Wherever a line in the records below contains "import", copy that line.

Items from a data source
· · · · · · ·

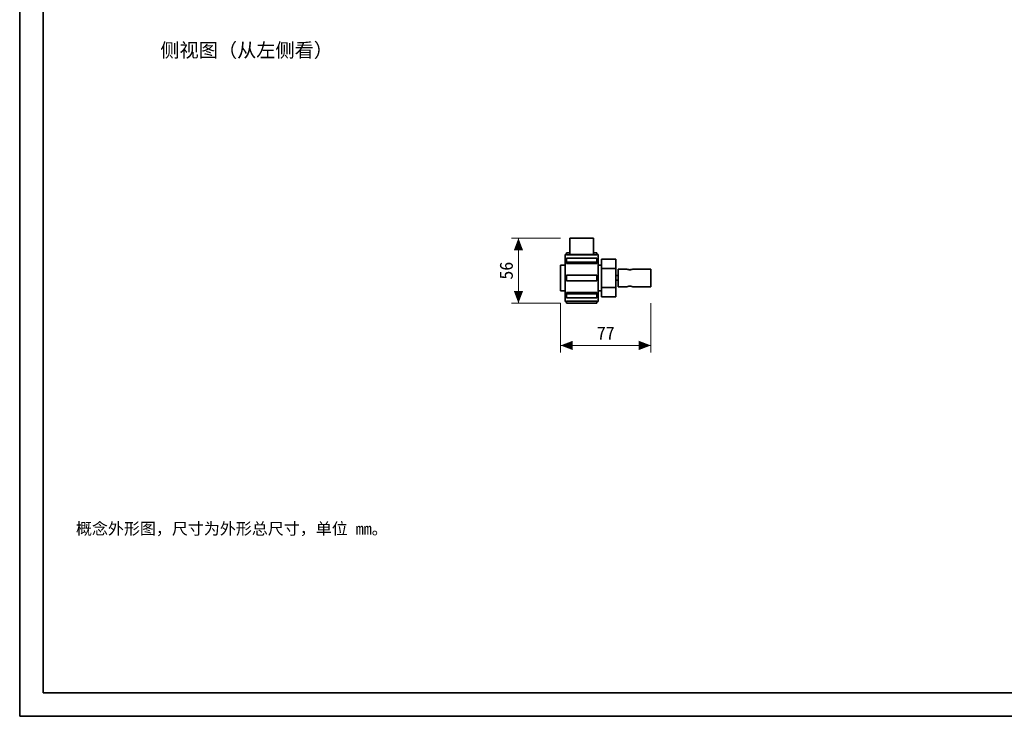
# Model space of a CAD drawing. Header units: millimetres. Extents: x 0 to 420, y 0 to 297.
# Tile 1 of 8: x 0 to 210, y 0 to 148. Entities that reach past the tile are written whole.
import ezdxf
from ezdxf.enums import TextEntityAlignment as Align

# ---------------------------------------------------------------- set-up
doc = ezdxf.new("R2010")
doc.units = ezdxf.units.MM
for name, color, linetype, lineweight, true_color in [('DIM', 7, 'Continuous', 18, 0x1e5aa0), ('FRAME', 7, 'Continuous', 35, 0x3c3c3c), ('OUTLINE', 7, 'Continuous', 35, 0x141414), ('TEXT', 7, 'Continuous', 18, 0x141414)]:
    doc.layers.add(name, color=color, linetype=linetype, lineweight=lineweight, true_color=true_color)
doc.styles.add('ZH', font='simsun.ttc')

msp = doc.modelspace()

# ---------------------------------------------------------------- hatches: boundary and pattern name
at = {"layer": 'DIM'}
for points in [[(106.37, 101.94), (105.39, 99.34), (107.36, 99.34)], [(106.37, 88.06), (107.36, 90.66), (105.39, 90.66)], [(115.37, 79.06), (117.97, 78.07), (117.97, 80.05)], [(134.62, 79.06), (132.03, 80.05), (132.03, 78.07)]]:
    msp.add_hatch(color=7, dxfattribs=at).paths.add_polyline_path(points)

# ---------------------------------------------------------------- linework, layer by layer
for points in [[(115.37, 101.94), (104.87, 101.94)], [(106.37, 88.06), (106.37, 101.94)], [(115.37, 88.06), (104.87, 88.06)], [(115.37, 88.06), (115.37, 77.56)], [(134.62, 88.06), (134.62, 77.56)], [(115.37, 79.06), (134.62, 79.06)]]:
    msp.add_lwpolyline(points, dxfattribs=at)
at = {"layer": 'FRAME'}
for points in [[(0, 0), (420, 0), (420, 297), (0, 297)], [(5, 5), (415, 5), (415, 292), (5, 292)]]:
    msp.add_lwpolyline(points, close=True, dxfattribs=at)
at = {"layer": 'OUTLINE'}
for points in [[(117.37, 98.44), (117.37, 101.94)], [(117.37, 101.94), (122.37, 101.94)], [(122.37, 98.44), (122.37, 101.94)], [(116.62, 98.4), (116.62, 98.81)], [(116.62, 98.81), (117.37, 98.81)], [(122.37, 98.81), (123.12, 98.81)], [(123.12, 98.4), (123.12, 98.81)], [(116.37, 98.44), (116.62, 98.44)], [(116.37, 98.44), (116.37, 97.19), (116.37, 95.94), (116.37, 94.69), (116.37, 93.44), (116.37, 92.19), (116.37, 90.94), (116.37, 89.69), (116.37, 88.44)], [(116.62, 98.4), (123.12, 98.4)], [(116.62, 96.8), (116.62, 97.68)], [(116.62, 97.68), (123.12, 97.68)], [(116.62, 96.5), (116.62, 96.8)], [(116.62, 96.8), (123.12, 96.8)], [(117.37, 98.44), (122.37, 98.44)], [(123.12, 98.44), (123.37, 98.44)], [(123.12, 96.8), (123.12, 97.68)], [(123.12, 96.5), (123.12, 96.8)], [(123.37, 98.44), (123.37, 97.19), (123.37, 95.94), (123.37, 94.69), (123.37, 93.44), (123.37, 92.19), (123.37, 90.94), (123.37, 89.69), (123.37, 88.44)], [(124.12, 95.46), (124.12, 97.48)], [(127.12, 97.48), (124.12, 97.48)], [(127.12, 95.46), (127.12, 97.48)], [(116.37, 96.19), (115.37, 96.19)], [(115.37, 96.19), (115.37, 95.27), (115.37, 94.35), (115.37, 93.44), (115.37, 92.52), (115.37, 91.6), (115.37, 90.69)], [(116.62, 96.5), (123.12, 96.5)], [(124.12, 96.19), (123.37, 96.19)], [(127.12, 95.46), (124.12, 95.46)], [(124.12, 91.42), (124.12, 95.46)], [(127.12, 91.42), (127.12, 95.46)], [(127.62, 95.31), (129.5, 95.31)], [(127.62, 95.31), (127.62, 94.69), (127.62, 94.06), (127.62, 93.44), (127.62, 92.81), (127.62, 92.19), (127.62, 91.56)], [(129.5, 95.31), (129.7, 95.25), (129.91, 95.22), (130.12, 95.21), (130.34, 95.22), (130.55, 95.25), (130.75, 95.31)], [(129.5, 95.31), (129.68, 95.26), (129.85, 95.23), (130.04, 95.21), (130.22, 95.21), (130.4, 95.23), (130.58, 95.26)], [(129.5, 95.31), (129.68, 95.26), (129.85, 95.23), (130.04, 95.21), (130.22, 95.21), (130.4, 95.23), (130.58, 95.26)], [(129.5, 95.31), (129.68, 95.26), (129.85, 95.23), (130.04, 95.21), (130.22, 95.21), (130.4, 95.23), (130.58, 95.26)], [(129.7, 95.26), (129.7, 95.26), (129.69, 95.26), (129.69, 95.26), (129.69, 95.26), (129.68, 95.26), (129.68, 95.26)], [(129.7, 95.26), (129.7, 95.26), (129.69, 95.26), (129.69, 95.26), (129.69, 95.26), (129.68, 95.26), (129.68, 95.26)], [(129.7, 95.26), (129.7, 95.26), (129.69, 95.26), (129.69, 95.26), (129.69, 95.26), (129.68, 95.26), (129.68, 95.26)], [(129.7, 95.26), (129.7, 95.26), (129.69, 95.26), (129.69, 95.26), (129.69, 95.26), (129.68, 95.26), (129.68, 95.26)], [(130.36, 95.22), (130.25, 95.21), (130.15, 95.21), (130.05, 95.21), (129.95, 95.21), (129.84, 95.23), (129.74, 95.25)], [(130.36, 95.22), (130.25, 95.21), (130.15, 95.21), (130.05, 95.21), (129.95, 95.21), (129.84, 95.23), (129.74, 95.25)], [(130.21, 95.21), (130.13, 95.21), (130.05, 95.21), (129.97, 95.21), (129.9, 95.22), (129.82, 95.23), (129.74, 95.25)], [(130.21, 95.21), (130.13, 95.21), (130.05, 95.21), (129.97, 95.21), (129.9, 95.22), (129.82, 95.23), (129.74, 95.25)], [(130.35, 95.22), (130.34, 95.22), (130.34, 95.22), (130.33, 95.22), (130.32, 95.22), (130.31, 95.21), (130.3, 95.21)], [(130.35, 95.22), (130.34, 95.22), (130.33, 95.22), (130.32, 95.22), (130.32, 95.22), (130.31, 95.21), (130.3, 95.21)], [(130.45, 95.23), (130.44, 95.23), (130.44, 95.23), (130.44, 95.23), (130.44, 95.23), (130.44, 95.23), (130.43, 95.23)], [(130.45, 95.23), (130.44, 95.23), (130.44, 95.23), (130.44, 95.23), (130.44, 95.23), (130.43, 95.23), (130.43, 95.23)], [(130.5, 95.25), (130.5, 95.24), (130.5, 95.24), (130.49, 95.24), (130.49, 95.24), (130.49, 95.24), (130.48, 95.24)], [(130.5, 95.25), (130.5, 95.24), (130.5, 95.24), (130.49, 95.24), (130.49, 95.24), (130.49, 95.24), (130.48, 95.24)], [(130.5, 95.25), (130.5, 95.24), (130.5, 95.24), (130.5, 95.24), (130.5, 95.24), (130.49, 95.24), (130.49, 95.24)], [(130.5, 95.25), (130.5, 95.24), (130.5, 95.24), (130.5, 95.24), (130.5, 95.24), (130.49, 95.24), (130.49, 95.24)], [(130.52, 95.25), (130.52, 95.25), (130.52, 95.25), (130.52, 95.25), (130.51, 95.25), (130.51, 95.25), (130.51, 95.25)], [(130.52, 95.25), (130.52, 95.25), (130.52, 95.25), (130.52, 95.25), (130.51, 95.25), (130.51, 95.25), (130.51, 95.25)], [(130.52, 95.25), (130.52, 95.25), (130.52, 95.25), (130.52, 95.25), (130.51, 95.25), (130.51, 95.25), (130.51, 95.25)], [(130.52, 95.25), (130.52, 95.25), (130.52, 95.25), (130.52, 95.25), (130.51, 95.25), (130.51, 95.25), (130.51, 95.25)], [(130.58, 95.26), (130.58, 95.26), (130.57, 95.26), (130.57, 95.26), (130.57, 95.26), (130.56, 95.26), (130.56, 95.26)], [(130.58, 95.26), (130.58, 95.26), (130.57, 95.26), (130.57, 95.26), (130.57, 95.26), (130.56, 95.26), (130.56, 95.26)], [(130.58, 95.26), (130.58, 95.26), (130.58, 95.26), (130.58, 95.26), (130.57, 95.26), (130.57, 95.26), (130.57, 95.26)], [(130.58, 95.26), (130.58, 95.26), (130.58, 95.26), (130.58, 95.26), (130.57, 95.26), (130.57, 95.26), (130.57, 95.26)], [(130.6, 95.27), (130.6, 95.27), (130.6, 95.27), (130.59, 95.27), (130.59, 95.27), (130.59, 95.27), (130.59, 95.27)], [(130.6, 95.27), (130.6, 95.27), (130.6, 95.27), (130.59, 95.27), (130.59, 95.27), (130.59, 95.27), (130.59, 95.27)], [(130.6, 95.27), (130.6, 95.27), (130.6, 95.27), (130.59, 95.27), (130.59, 95.27), (130.59, 95.27), (130.59, 95.27)], [(130.6, 95.27), (130.6, 95.27), (130.6, 95.27), (130.59, 95.27), (130.59, 95.27), (130.59, 95.27), (130.59, 95.27)], [(130.6, 95.27), (130.62, 95.27), (130.65, 95.28), (130.67, 95.29), (130.7, 95.3), (130.72, 95.3), (130.75, 95.31)], [(130.6, 95.27), (130.62, 95.27), (130.65, 95.28), (130.67, 95.29), (130.7, 95.3), (130.72, 95.3), (130.75, 95.31)], [(130.6, 95.27), (130.62, 95.27), (130.65, 95.28), (130.67, 95.29), (130.7, 95.3), (130.72, 95.3), (130.75, 95.31)], [(130.75, 95.31), (134.62, 95.31)], [(134.62, 95.31), (134.62, 94.69), (134.62, 94.06), (134.62, 93.44), (134.62, 92.81), (134.62, 92.19), (134.62, 91.56)], [(116.62, 92.81), (116.62, 94.06)], [(116.62, 94.06), (123.12, 94.06)], [(116.62, 92.81), (123.12, 92.81)], [(123.12, 92.81), (123.12, 94.06)], [(127.12, 93.94), (127.62, 93.94)], [(127.12, 92.94), (127.62, 92.94)], [(115.37, 90.69), (116.37, 90.69)], [(116.62, 90.37), (123.12, 90.37)], [(116.62, 90.37), (116.62, 90.08)], [(123.12, 90.37), (123.12, 90.08)], [(123.37, 90.69), (124.12, 90.69)], [(127.12, 91.42), (124.12, 91.42)], [(124.12, 89.4), (124.12, 91.42)], [(127.12, 89.4), (127.12, 91.42)], [(127.62, 91.56), (129.5, 91.56)], [(129.5, 91.56), (129.7, 91.62), (129.91, 91.66), (130.12, 91.67), (130.34, 91.66), (130.55, 91.62), (130.75, 91.56)], [(129.5, 91.56), (129.7, 91.62), (129.91, 91.66), (130.12, 91.67), (130.34, 91.66), (130.55, 91.62), (130.75, 91.56)], [(129.5, 91.56), (129.7, 91.62), (129.91, 91.66), (130.12, 91.67), (130.34, 91.66), (130.55, 91.62), (130.75, 91.56)], [(129.5, 91.56), (129.7, 91.62), (129.91, 91.66), (130.12, 91.67), (130.34, 91.66), (130.55, 91.62), (130.75, 91.56)], [(129.7, 91.62), (129.7, 91.62), (129.69, 91.62), (129.69, 91.62), (129.69, 91.62), (129.68, 91.61), (129.68, 91.61)], [(129.7, 91.62), (129.7, 91.62), (129.69, 91.62), (129.69, 91.62), (129.69, 91.62), (129.68, 91.61), (129.68, 91.61)], [(129.7, 91.62), (129.7, 91.62), (129.69, 91.62), (129.69, 91.62), (129.69, 91.62), (129.68, 91.61), (129.68, 91.61)], [(129.7, 91.62), (129.7, 91.62), (129.69, 91.62), (129.69, 91.62), (129.69, 91.62), (129.68, 91.61), (129.68, 91.61)], [(129.75, 91.63), (129.74, 91.63), (129.74, 91.63), (129.74, 91.63), (129.74, 91.63), (129.74, 91.63), (129.74, 91.63)], [(129.75, 91.63), (129.74, 91.63), (129.74, 91.63), (129.74, 91.63), (129.74, 91.63), (129.74, 91.63), (129.74, 91.63)], [(129.75, 91.63), (129.74, 91.63), (129.74, 91.63), (129.74, 91.63), (129.74, 91.63), (129.74, 91.63), (129.74, 91.63)], [(129.75, 91.63), (129.74, 91.63), (129.74, 91.63), (129.74, 91.63), (129.74, 91.63), (129.74, 91.63), (129.74, 91.63)], [(129.79, 91.64), (129.78, 91.64), (129.78, 91.64), (129.77, 91.64), (129.77, 91.63), (129.76, 91.63), (129.76, 91.63)], [(129.79, 91.64), (129.78, 91.64), (129.78, 91.64), (129.77, 91.64), (129.77, 91.63), (129.76, 91.63), (129.76, 91.63)], [(129.79, 91.64), (129.78, 91.64), (129.78, 91.64), (129.77, 91.64), (129.77, 91.63), (129.76, 91.63), (129.76, 91.63)], [(129.79, 91.64), (129.78, 91.64), (129.78, 91.64), (129.77, 91.64), (129.77, 91.63), (129.76, 91.63), (129.76, 91.63)], [(129.88, 91.65), (129.87, 91.65), (129.86, 91.65), (129.85, 91.65), (129.84, 91.65), (129.83, 91.65), (129.82, 91.64)], [(129.87, 91.65), (129.86, 91.65), (129.85, 91.65), (129.84, 91.65), (129.84, 91.65), (129.83, 91.64), (129.82, 91.64)], [(129.87, 91.65), (129.86, 91.65), (129.85, 91.65), (129.84, 91.65), (129.84, 91.65), (129.83, 91.64), (129.82, 91.64)], [(129.87, 91.65), (129.86, 91.65), (129.85, 91.65), (129.84, 91.65), (129.84, 91.65), (129.83, 91.64), (129.82, 91.64)], [(130.44, 91.64), (130.44, 91.64), (130.44, 91.64), (130.44, 91.64), (130.43, 91.64), (130.43, 91.64), (130.43, 91.64)], [(130.44, 91.64), (130.44, 91.64), (130.44, 91.64), (130.44, 91.64), (130.44, 91.64), (130.43, 91.64), (130.43, 91.64)], [(130.44, 91.64), (130.44, 91.64), (130.44, 91.64), (130.44, 91.64), (130.44, 91.64), (130.43, 91.64), (130.43, 91.64)], [(130.44, 91.64), (130.44, 91.64), (130.44, 91.64), (130.44, 91.64), (130.44, 91.64), (130.43, 91.64), (130.43, 91.64)], [(130.5, 91.63), (130.5, 91.63), (130.49, 91.63), (130.49, 91.63), (130.48, 91.63), (130.48, 91.64), (130.47, 91.64)], [(130.5, 91.63), (130.5, 91.63), (130.49, 91.63), (130.49, 91.63), (130.48, 91.63), (130.48, 91.63), (130.47, 91.64)], [(130.5, 91.63), (130.5, 91.63), (130.49, 91.63), (130.49, 91.63), (130.48, 91.63), (130.48, 91.63), (130.47, 91.64)], [(130.5, 91.63), (130.5, 91.63), (130.49, 91.63), (130.49, 91.63), (130.48, 91.63), (130.48, 91.63), (130.48, 91.64)], [(130.52, 91.63), (130.52, 91.63), (130.52, 91.63), (130.51, 91.63), (130.51, 91.63), (130.51, 91.63), (130.51, 91.63)], [(130.52, 91.63), (130.52, 91.63), (130.52, 91.63), (130.51, 91.63), (130.51, 91.63), (130.51, 91.63), (130.51, 91.63)], [(130.52, 91.63), (130.52, 91.63), (130.52, 91.63), (130.51, 91.63), (130.51, 91.63), (130.51, 91.63), (130.51, 91.63)], [(130.52, 91.63), (130.52, 91.63), (130.52, 91.63), (130.51, 91.63), (130.51, 91.63), (130.51, 91.63), (130.51, 91.63)], [(130.58, 91.61), (130.58, 91.61), (130.57, 91.61), (130.57, 91.62), (130.56, 91.62), (130.56, 91.62), (130.55, 91.62)], [(130.58, 91.61), (130.58, 91.61), (130.57, 91.61), (130.57, 91.62), (130.56, 91.62), (130.56, 91.62), (130.55, 91.62)], [(130.58, 91.61), (130.58, 91.61), (130.57, 91.61), (130.57, 91.61), (130.57, 91.62), (130.56, 91.62), (130.56, 91.62)], [(130.58, 91.61), (130.58, 91.61), (130.57, 91.61), (130.57, 91.61), (130.57, 91.62), (130.56, 91.62), (130.56, 91.62)], [(130.6, 91.61), (130.6, 91.61), (130.59, 91.61), (130.59, 91.61), (130.59, 91.61), (130.59, 91.61), (130.59, 91.61)], [(130.6, 91.61), (130.6, 91.61), (130.59, 91.61), (130.59, 91.61), (130.59, 91.61), (130.59, 91.61), (130.59, 91.61)], [(130.6, 91.61), (130.6, 91.61), (130.59, 91.61), (130.59, 91.61), (130.59, 91.61), (130.59, 91.61), (130.59, 91.61)], [(130.6, 91.61), (130.6, 91.61), (130.59, 91.61), (130.59, 91.61), (130.59, 91.61), (130.59, 91.61), (130.59, 91.61)], [(130.75, 91.56), (134.62, 91.56)], [(116.37, 88.44), (116.62, 88.44)], [(116.62, 89.19), (116.62, 90.08)], [(116.62, 90.08), (123.12, 90.08)], [(116.62, 89.19), (123.12, 89.19)], [(116.62, 88.48), (123.12, 88.48)], [(116.62, 88.48), (116.62, 88.06)], [(123.12, 89.19), (123.12, 90.08)], [(123.12, 88.48), (123.12, 88.06)], [(123.12, 88.44), (123.37, 88.44)], [(127.12, 89.4), (124.12, 89.4)], [(116.62, 88.06), (123.12, 88.06)]]:
    msp.add_lwpolyline(points, dxfattribs=at)

# ---------------------------------------------------------------- texts
at = {"layer": 'DIM', "style": 'ZH'}
msp.add_text('56', height=2.8, rotation=90, dxfattribs=at).set_placement((103.77, 95), align=Align.MIDDLE_CENTER)
msp.add_text('77', height=2.8, dxfattribs=at).set_placement((125, 81.66), align=Align.MIDDLE_CENTER)
at = {"layer": 'TEXT', "style": 'ZH'}
for s, height, p in [('侧视图（从左侧看）', 3, (30, 142)), ('概念外形图，尺寸为外形总尺寸，单位 mm。', 2.5, (12, 40))]:
    msp.add_text(s, height=height, dxfattribs=at).set_placement(p, align=Align.MIDDLE_LEFT)

doc.saveas('drawing.dxf')

· · · · · · ·

__Exercise output__.
import ezdxf
from ezdxf.enums import TextEntityAlignment as Align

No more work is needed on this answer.